I have two Labradors and one Golden that I feed RAW--(90% RAW/10% Dr. Tims). I have had success with it and see no factual reason to change. "Nothing but Cons" is an over the top claim with no factual backing.


----------



## mwk56 (May 12, 2009)

Unless you have a degree or tons of experience in canine nutrition I do not see how the average dog owner—or even a more knowledgeable dog owner—could possibly properly formulate a raw diet ration. So many nutrients and micronutrients to take into account—I have a degree in zoology and animal science and I would not even attempt to formulate a canine diet.
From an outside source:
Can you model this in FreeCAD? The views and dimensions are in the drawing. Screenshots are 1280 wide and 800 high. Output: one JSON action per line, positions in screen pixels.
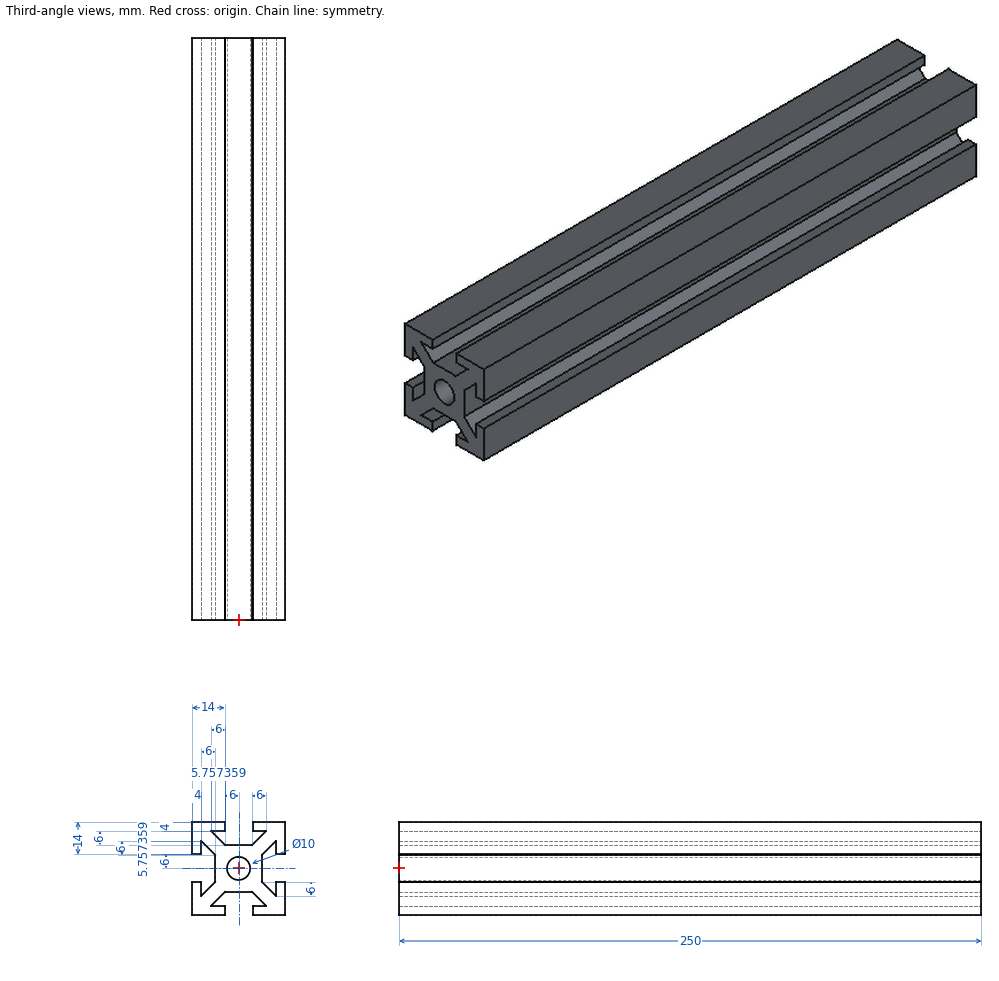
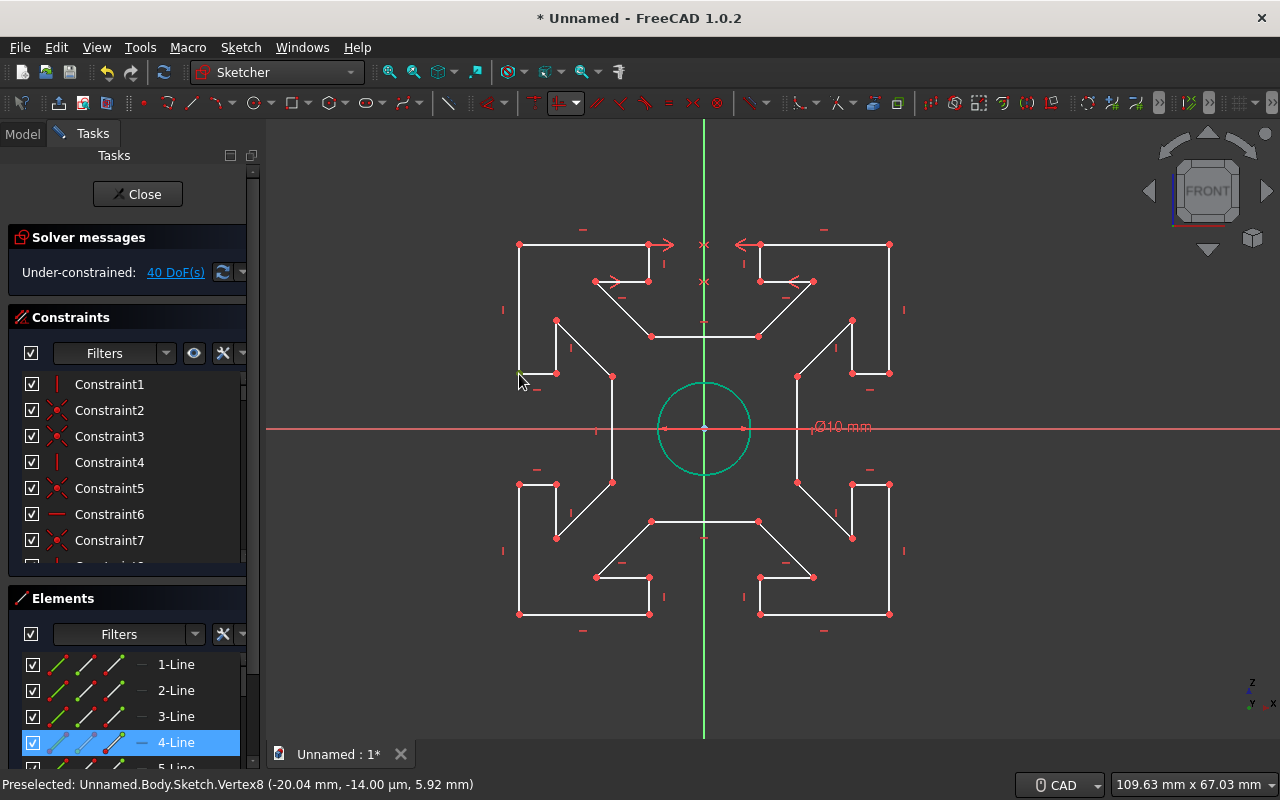
{"action": "left_click", "coordinate": [889, 374]}

It seems unnecessary when there are so many quality foods commercially available.

Meredith


----------



## Jeffrey Bandel (Nov 24, 2003)

Canine nutrition is not in it's infancy. The information and formulations are out there.


----------



## pstrombeck (Feb 11, 2012)

Just want to share an unscientific 'case history'. My friend and I both purchased male lab pups from the same litter in 2004. Early on he fed raw (BARF) mixing turkey, veggies etc. while I fed Sam's Club chicken rice for the first 5 years before switching to Pro Plan. Both dogs had active healthy lives with no major issues other than some fence encounters requiring stitches. Both were hunted almost every weekend during the season with trips to SD & ND. My lab the Pro Plan dog died at just over 12 years old his dog the dog 'BARF' dog died less than 6 months later. I see no benefit.


----------